What you are asked to do: Range to reproduce from the entries below: the line with "1) car from (285, 197) to (302, 206)", the line with "Formatted like this", and every line in between. Give them exactly and give nothing else.
Top of Exercise input
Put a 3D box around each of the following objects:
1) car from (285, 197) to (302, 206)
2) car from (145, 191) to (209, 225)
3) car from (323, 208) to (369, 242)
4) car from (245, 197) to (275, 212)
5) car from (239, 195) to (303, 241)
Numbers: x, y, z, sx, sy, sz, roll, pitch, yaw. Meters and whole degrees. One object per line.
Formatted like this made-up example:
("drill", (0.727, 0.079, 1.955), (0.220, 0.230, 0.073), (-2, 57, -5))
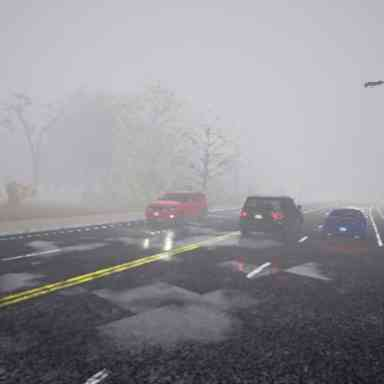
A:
Bottom of Exercise input
Solved problem:
1) car from (285, 197) to (302, 206)
2) car from (145, 191) to (209, 225)
3) car from (323, 208) to (369, 242)
4) car from (245, 197) to (275, 212)
5) car from (239, 195) to (303, 241)
Numbers: x, y, z, sx, sy, sz, roll, pitch, yaw. Meters and whole degrees. One object per line.
Formatted like this made-up example:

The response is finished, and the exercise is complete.